-- TASK GOAL --
Tally up the lines in the material where the word "option" appears, then give the total and nothing else.
== EXERCISE DATA ==
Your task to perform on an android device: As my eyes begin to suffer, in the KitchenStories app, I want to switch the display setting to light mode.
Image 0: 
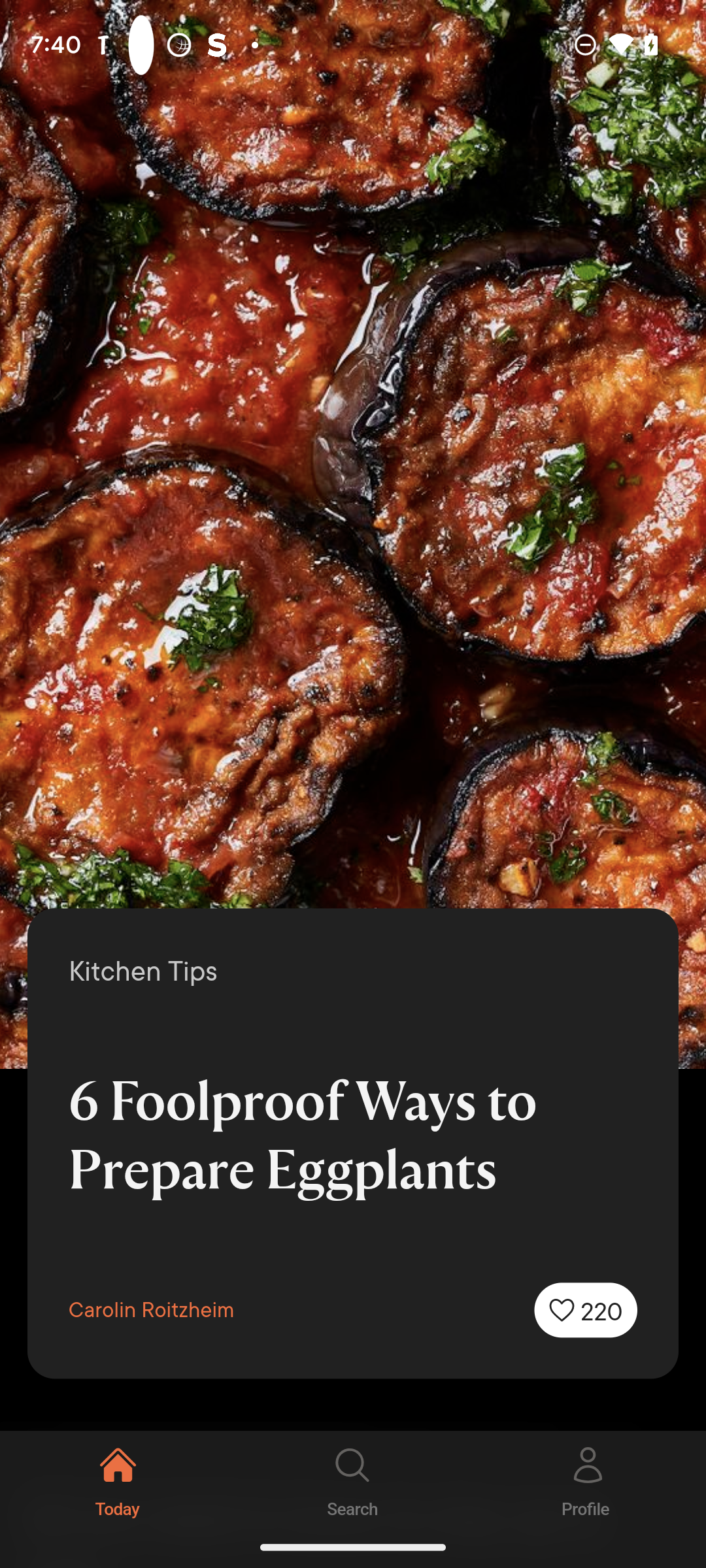
Click on the profile tab
Step 0: click (588, 1478)
Image 1: 
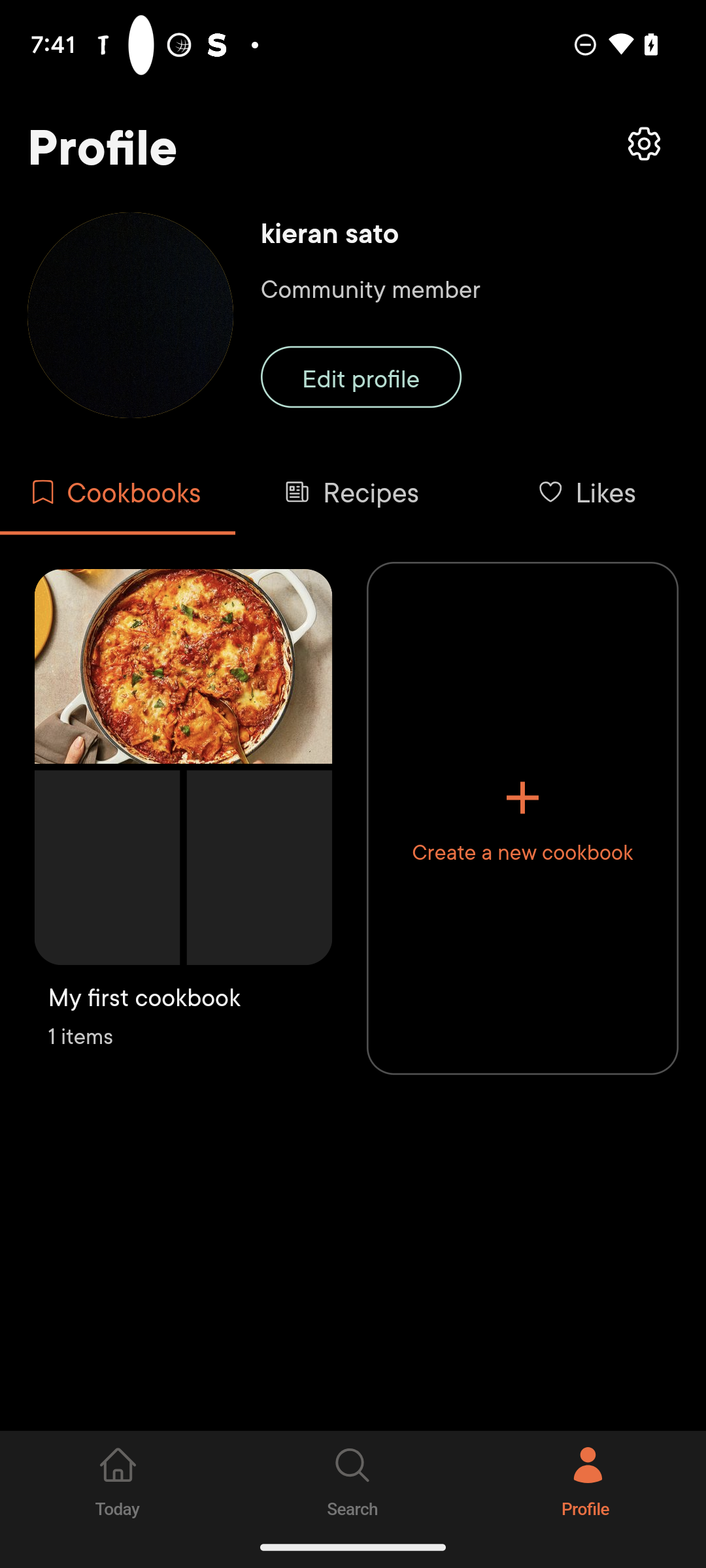
Click on the setting icon at the top right of the screen
Step 1: click (353, 267)
Image 2: 
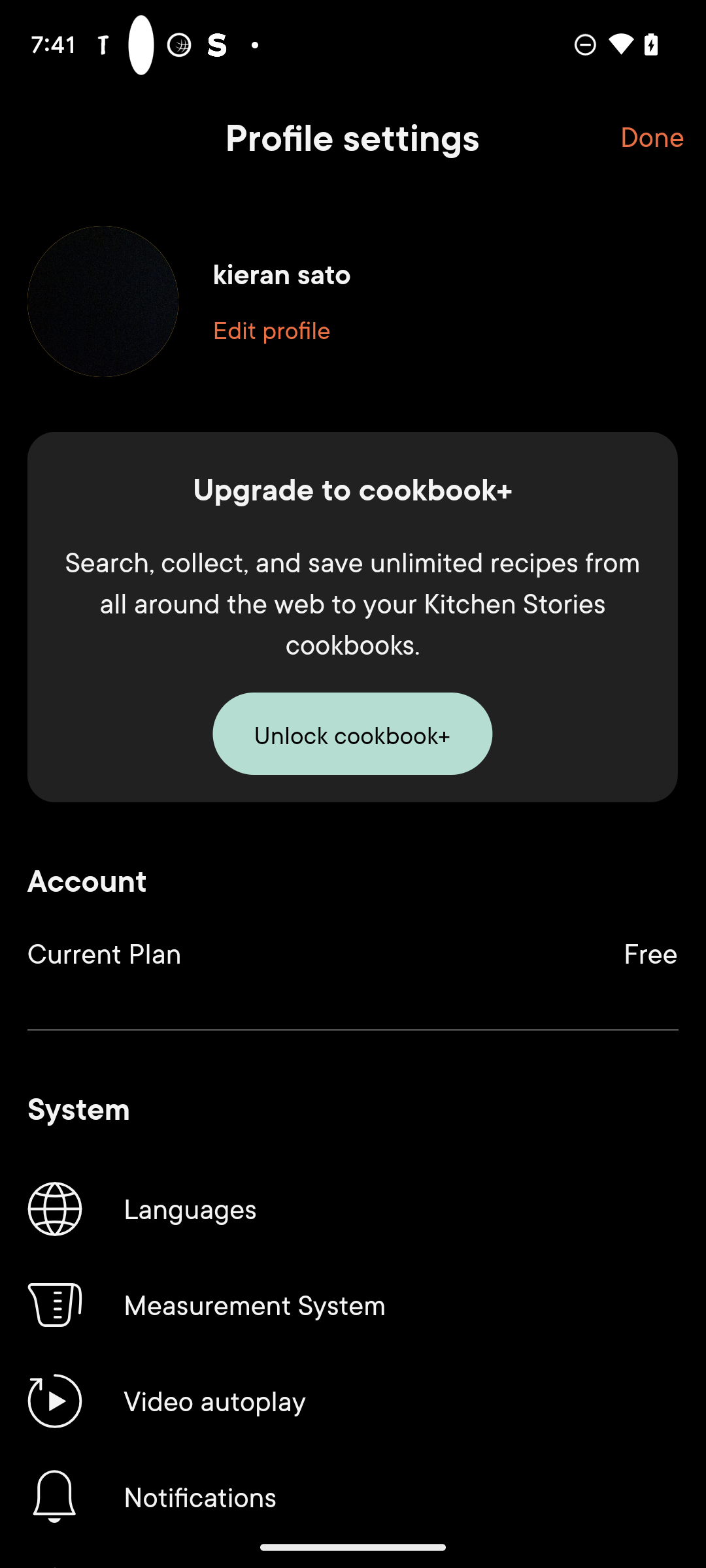
Swipe up to view the display option
Step 2: scroll down
Image 3: 
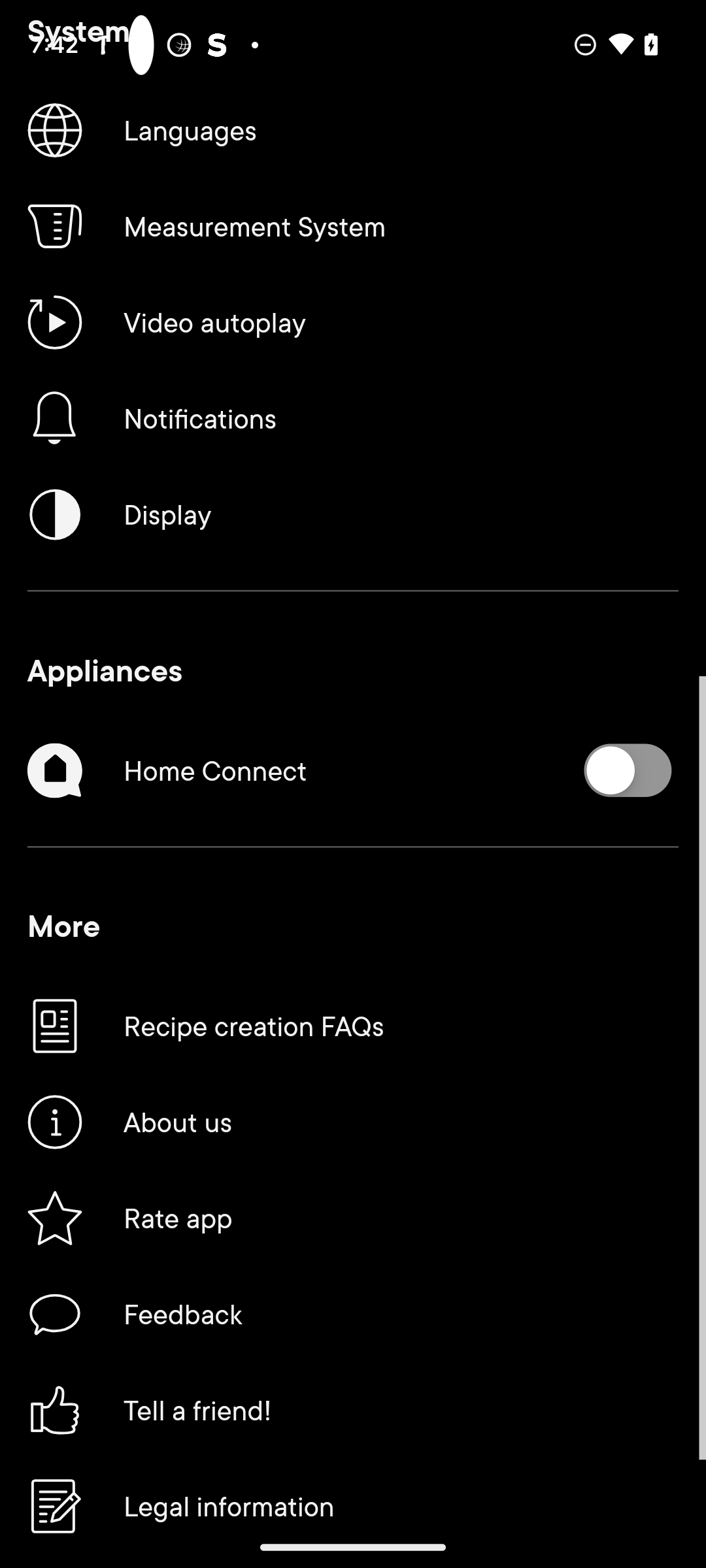
Click on the display option
Step 3: click (353, 514)
Image 4: 
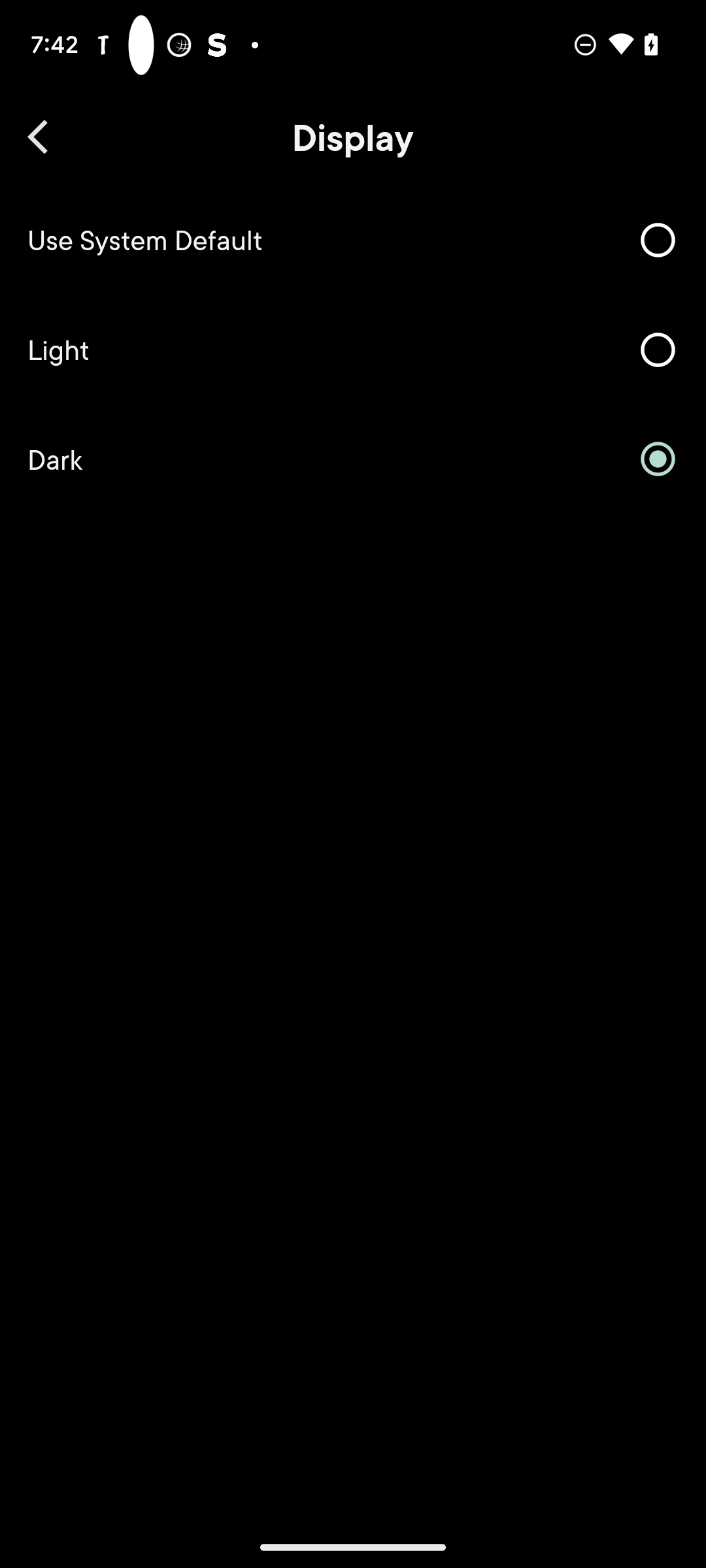
Click on the light option.
Step 4: click (353, 349)
===
-- RESPONSE TO THE EXERCISE --
3